Now it’s the charge down the All Blacks are doing wrong.

Seems such a simple thing to do, too.

Consider the basics. Look at the bloke trying to kick the ball, raise your arms high so as to extend how much of you there is to block the kick, keep your eyes on the ball (easier said than done) and try to block it at source (namely, as he kicks it).

Not that difficult really, but Lions coach Warren Gatland reckons the All Blacks do it illegally. Apparently they are diving at halfback Conor Murray’s legs (which are connected to his feet which is what he uses to kick the ball. It’s rugby plus anatomy).

“It’s a little bit tough when you see someone dive at someone’s leg,” Gatland said after naming his team to play the final midweek match, this time against the Hurricanes on Tuesday.

“You feel for the player and it’s concerning that they’re not trying to charge the kick down because they’re nowhere near it, they’re diving blindly and hitting someone’s leg.”

That’s a fairly hefty accusation and Gatland plans to have a chat with this week’s test referee, France’s Jerome Garces about it.

If Garces is a parent then Gatland could be in a spot of bother because he comes across as a child moaning that someone has taken his seat at the table.

To be fair, I have a measure of sympathy for the man – though only a little bit. He’s brought the best of Britain and Ireland on a mad rugby tour to New Zealand. Games against all five Super Rugby franchises plus three tests. It’s a hiding to nothing.

No wonder he is looking for areas to deflect to.

“If we think we can rock up and do we what did last time and that will be good enough, we will get a shock.”

Steve Hansen

Gatland has copped a fair bit on the chin, though, admitting after the first test at Eden Park that the Lions pack had been done over by the All Blacks in the 30-15 defeat.

He’s been pretty honest throughout the tour about the challenge the Lions face and has repeatedly heaped praise on the rugby played in New Zealand and the hospitality shown to the Lions.

But when he’s had a crack it hasn’t worked and Gatland has come across as a bit of a whinger.

First it was the scrums. Super Rugby players scrum illegally he said, and they’d had their comeuppance when the Crusaders lost to the Lions.

Then there was the illegal blocking of Lions players trying to take the opponent out in the air while he’s trying to catch the ball.

Sorry, my bad, the Lions were trying to contest for the ball.

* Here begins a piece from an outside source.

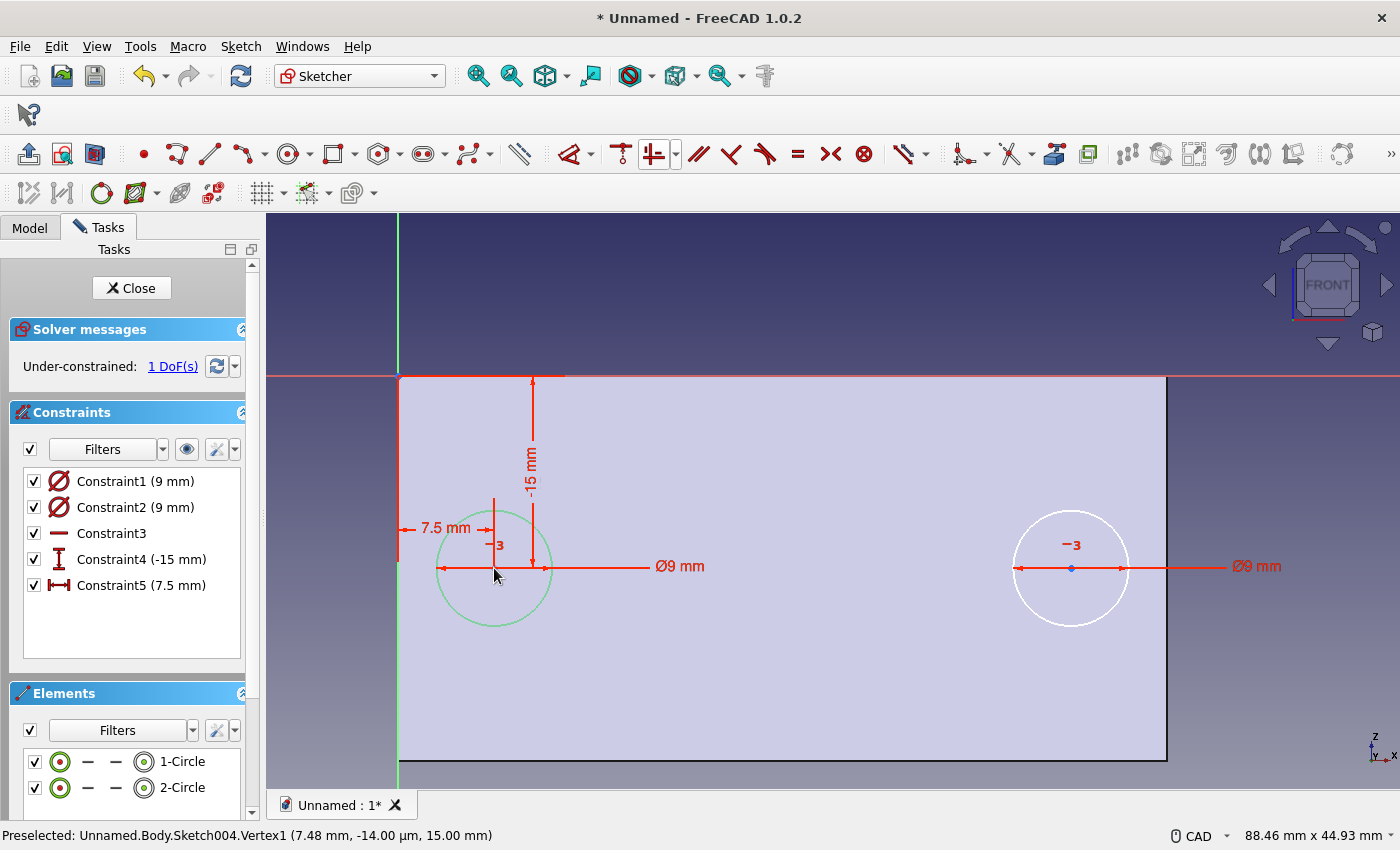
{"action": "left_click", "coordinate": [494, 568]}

Gatland’s also had a shot at All Blacks coach Steve Hansen for trash talking. Twice in the lead up to the first test he said it was time for the trash talk to end and for rugby to do the talking.

It’s a great line. One we, in the media, loved him for. But does it stand up to scrutiny?

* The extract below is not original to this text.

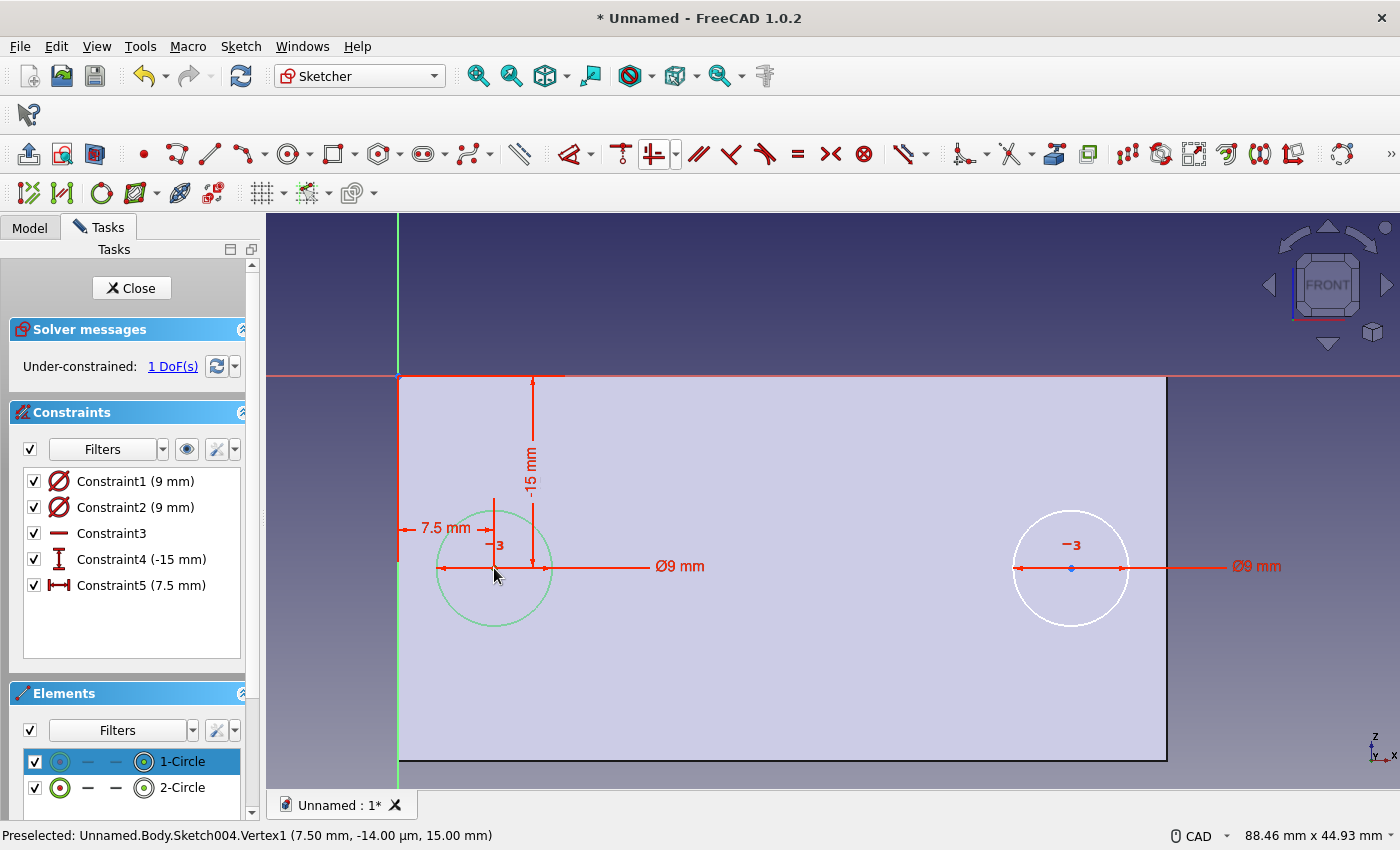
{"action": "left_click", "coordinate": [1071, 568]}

Hansen’s been cheeky, he’s poked at the Lions game plan and questioned what tactics they’ll use in the first test, but he’s not stooped to trash talk.

Here’s an example from after the Samoa test when I asked him if Gatland will have been surprised by anything he saw in the All Blacks 78-0 win, and if Hansen expected to see anything new from the Lions the following night when they played the Māori All Blacks.

“That’s a bit of a loaded gun you’ve given me there Jimmy,” Hansen said. “I have to think carefully before I answer that.

“Like them we have a style we like to play and we use the ball a lot and we have some skilful people when we do that.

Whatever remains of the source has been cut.